Fargate is a new AWS serverless technology for running Docker containers. It was considered for this project but rejected for several reasons:

  1. No support for IPC_LOCK. Vault tries to lock its memory so that secret data is never swapped to disk. Although it seems unlikely Fargate swaps to disk, the lock capability is not provided.

  2. Running on EC2 makes configuring Vault easier. The Ansible playbooks or bash included with this terraform build the Vault configuration for each server. It would be much harder to do this in a Fargate environment with sidecar containers or custom Vault images.

  3. Running on EC2 makes DNS configuration easier. The Vault redirection method means you need to know the separate DNS endpoint names and doing this on Fargate is complicated. With EC2 we register some ElasticIPs and use those for the individual servers.

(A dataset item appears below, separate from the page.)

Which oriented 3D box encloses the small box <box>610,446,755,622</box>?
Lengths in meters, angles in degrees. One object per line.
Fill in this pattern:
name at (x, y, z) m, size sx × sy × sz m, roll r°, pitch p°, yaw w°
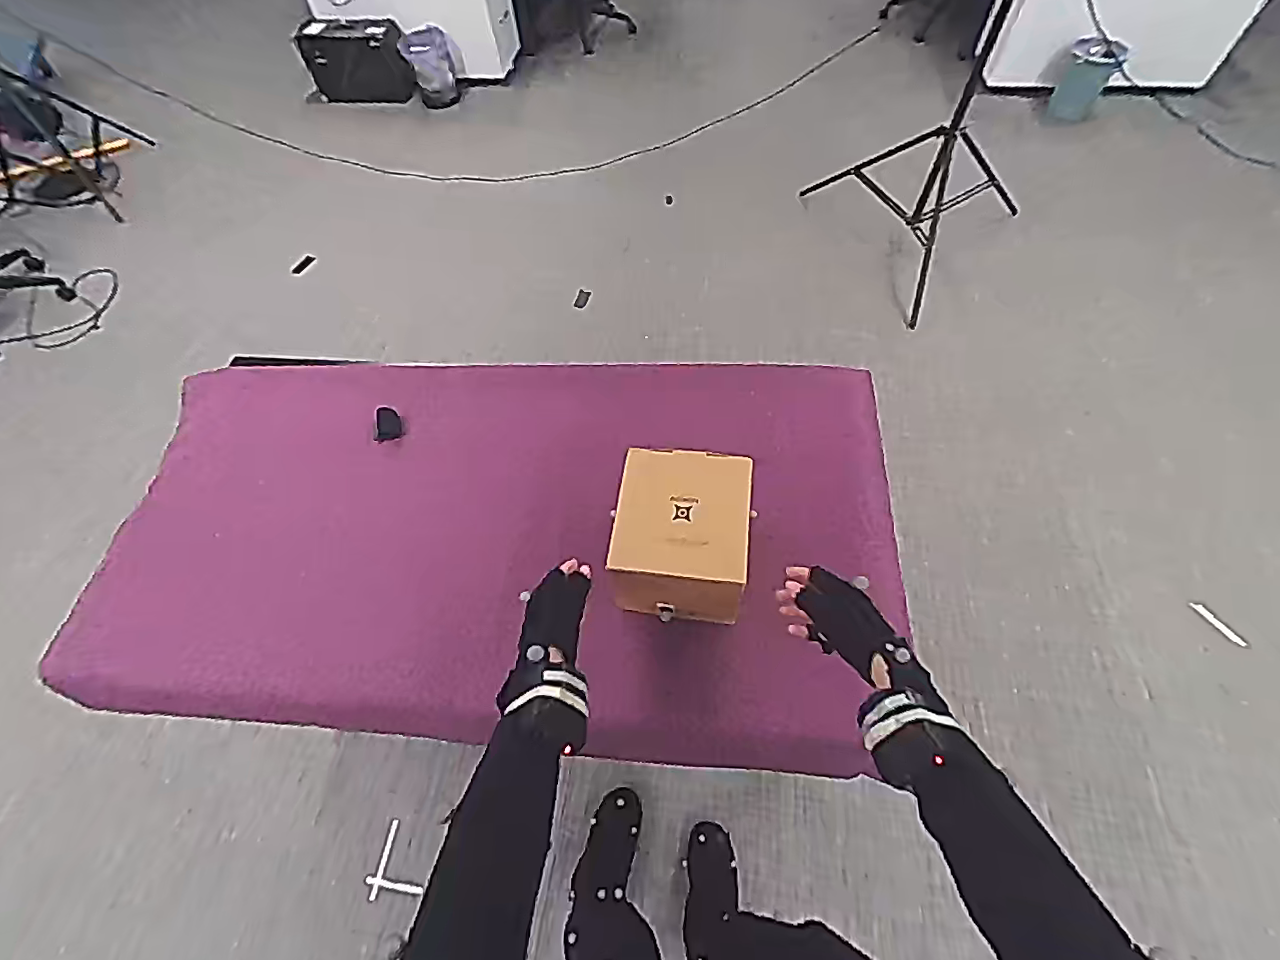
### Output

Many of these problems could be solved by running Vault in a custom image. However, it seemed valuable to use the Hashicorp Vault image instead of relying on custom built ones, so EC2 was chosen as the ECS technology.

Example

please check the example folder.

Test your solution

Do you want to test your deployment? Just open your shell, adjust the DNS and kill the primary vault

for i in {1..500}
do
   RES=$(curl -s -o /dev/null -w "%{http_code}"  https://vault.[ YOUR DOMAIN ]/ui/)
   echo "[$(date +%T)] HTTP:$RES attemp:$i"
   sleep 1
done

in less than a minute the standby instance will be available and in few minutes the ASG will launch a new node

pre-commit hook

this repo is using pre-commit hook to know more click here to manually trigger use this command

pre-commit install
pre-commit run --all-files

Troubleshooting / Known Issue

  • Autoscaling Group not encrypted EBS volume required to have a dedicated AMI already encrypted and required to have the proper service role for ASG to be albe to encrypt/decrypt the ebs volume

  • ASG Service Linked Role Terraform on destruction phase can spit │ Error: error waiting for IAM Service Linked Role (arn:aws:iam::XXXXXXX:role/aws-service-role/autoscaling.amazonaws.com/AWSServiceRoleForAutoScaling) delete: unexpected state 'FAILED', wanted target 'SUCCEEDED'. last error: %!s(<nil>) open issue on terraform-provider-aws

  • ACM soft limit if you see this error Error requesting certificate: LimitExceededException: Error: you have reached your limit of 20 certificates in the last year. please increase the Limit using AWs Support of AWS Quota

  • Cloudwatch Logs KMS Error Error: Creating CloudWatch Log Group failed: InvalidParameterException: The specified KMS Key Id could not be found., double check if the KMS key have proper policy to allow the regional Cloudwatch logs Service Principle (e.g. logs.eu-central-1.amazonaws.com)

License

this repo is licensed under the WTFPL.